| Your instructions |
Repeat all entries word for word; skip images.

| Data records |
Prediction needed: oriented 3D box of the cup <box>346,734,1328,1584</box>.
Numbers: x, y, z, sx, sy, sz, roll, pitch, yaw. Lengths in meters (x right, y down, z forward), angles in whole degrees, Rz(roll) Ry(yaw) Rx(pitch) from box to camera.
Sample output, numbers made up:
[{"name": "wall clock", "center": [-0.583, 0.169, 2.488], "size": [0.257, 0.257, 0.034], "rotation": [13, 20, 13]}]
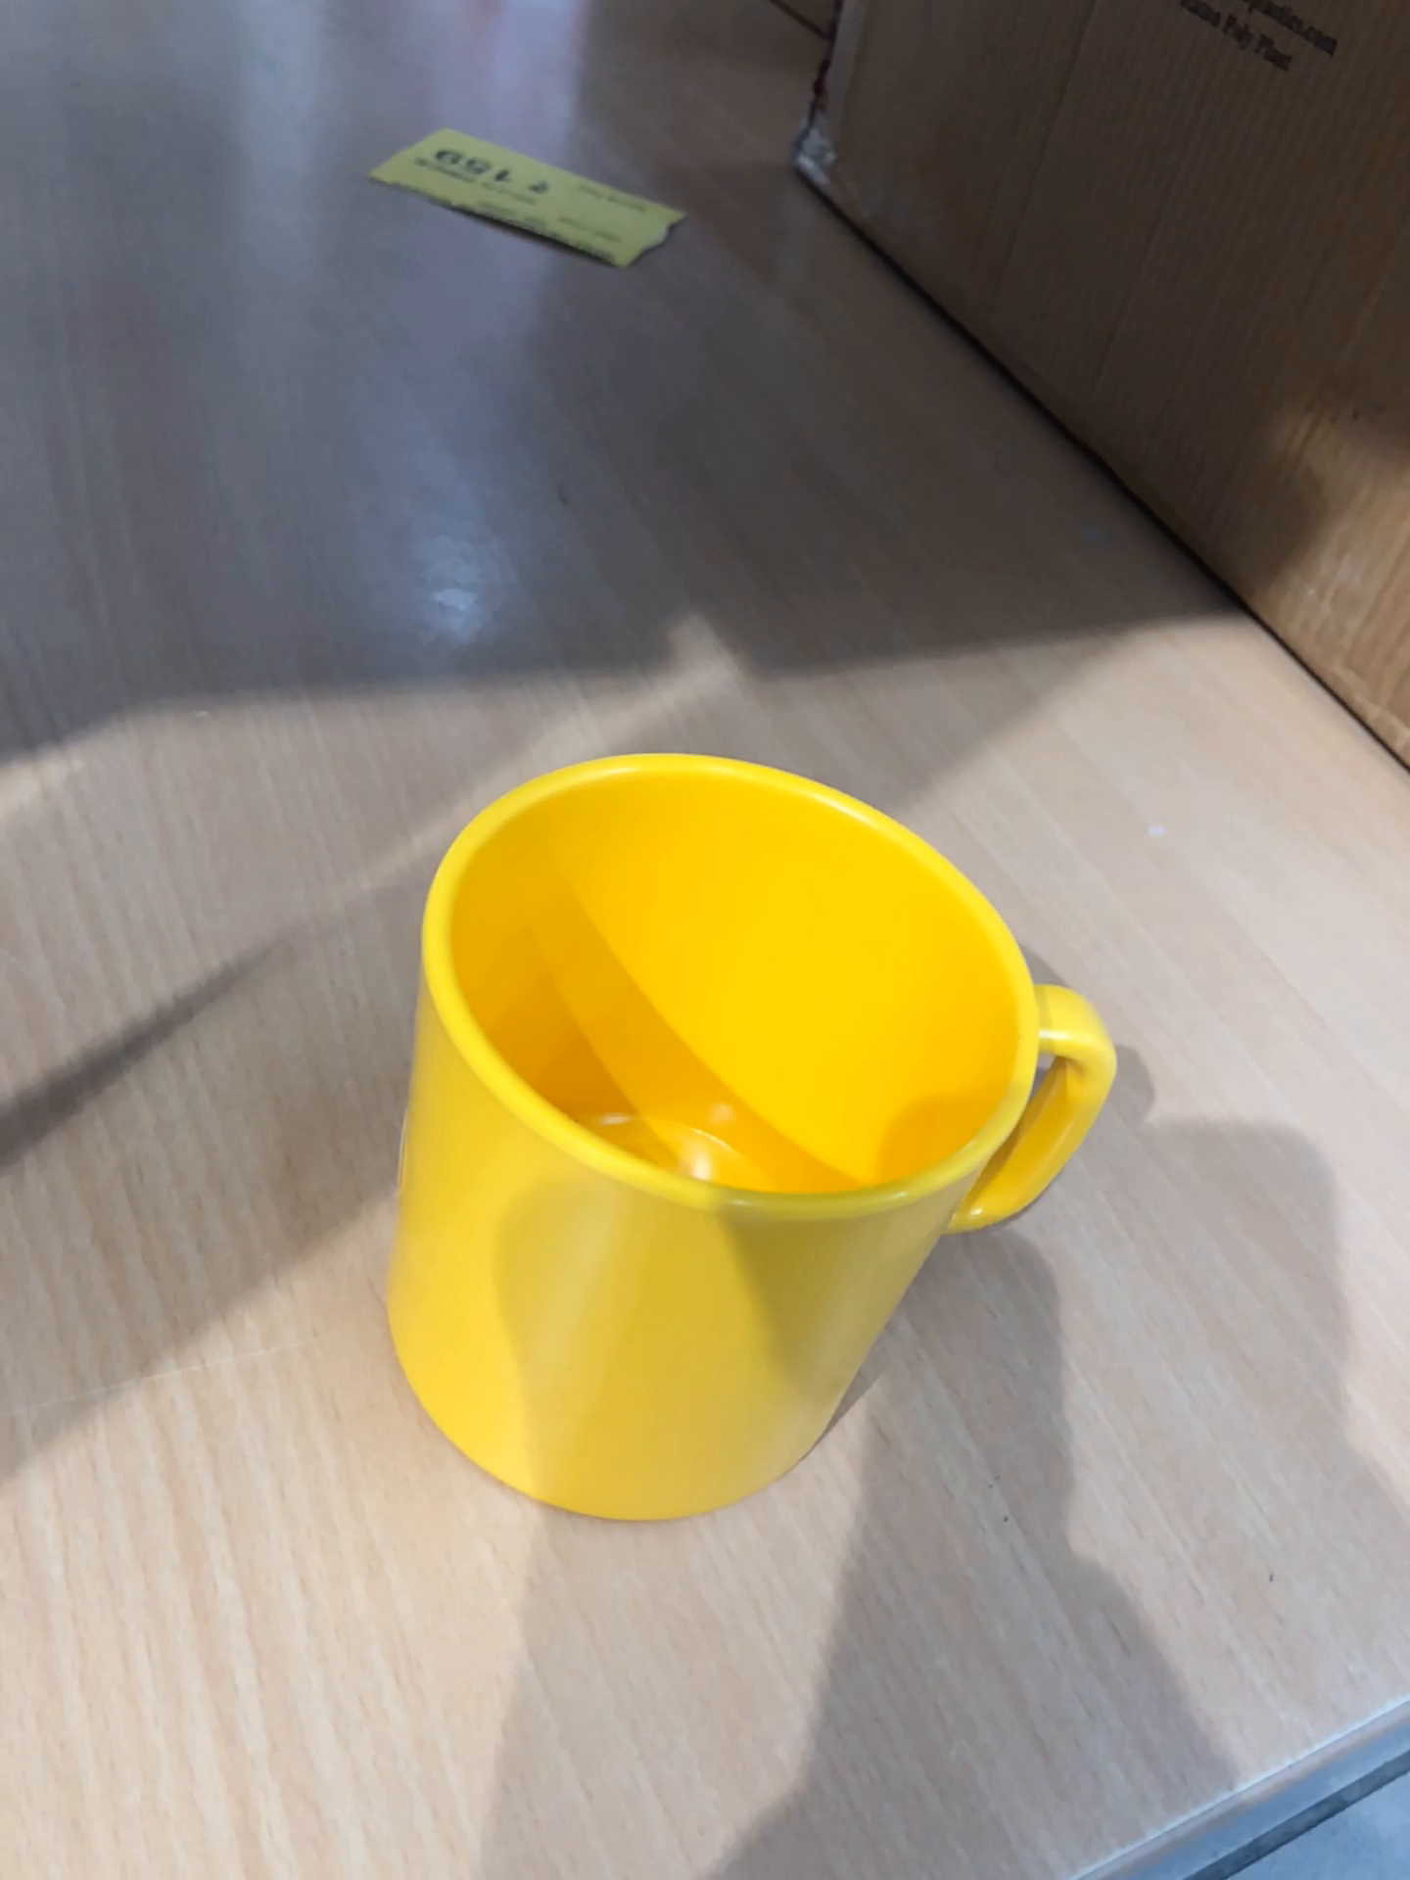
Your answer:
[{"name": "cup", "center": [0.008, 0.031, 0.239], "size": [0.110, 0.089, 0.080], "rotation": [0, 45, -19]}]

| Response to the task |
Prediction needed: oriented 3D box of the cup <box>346,734,1328,1584</box>.
Numbers: x, y, z, sx, sy, sz, roll, pitch, yaw. Lengths in meters (x right, y down, z forward), angles in whole degrees, Rz(roll) Ry(yaw) Rx(pitch) from box to camera.
Sample output, numbers made up:
[{"name": "wall clock", "center": [-0.583, 0.169, 2.488], "size": [0.257, 0.257, 0.034], "rotation": [13, 20, 13]}]
Your answer:
[{"name": "cup", "center": [0.008, 0.031, 0.239], "size": [0.110, 0.089, 0.080], "rotation": [0, 45, -19]}]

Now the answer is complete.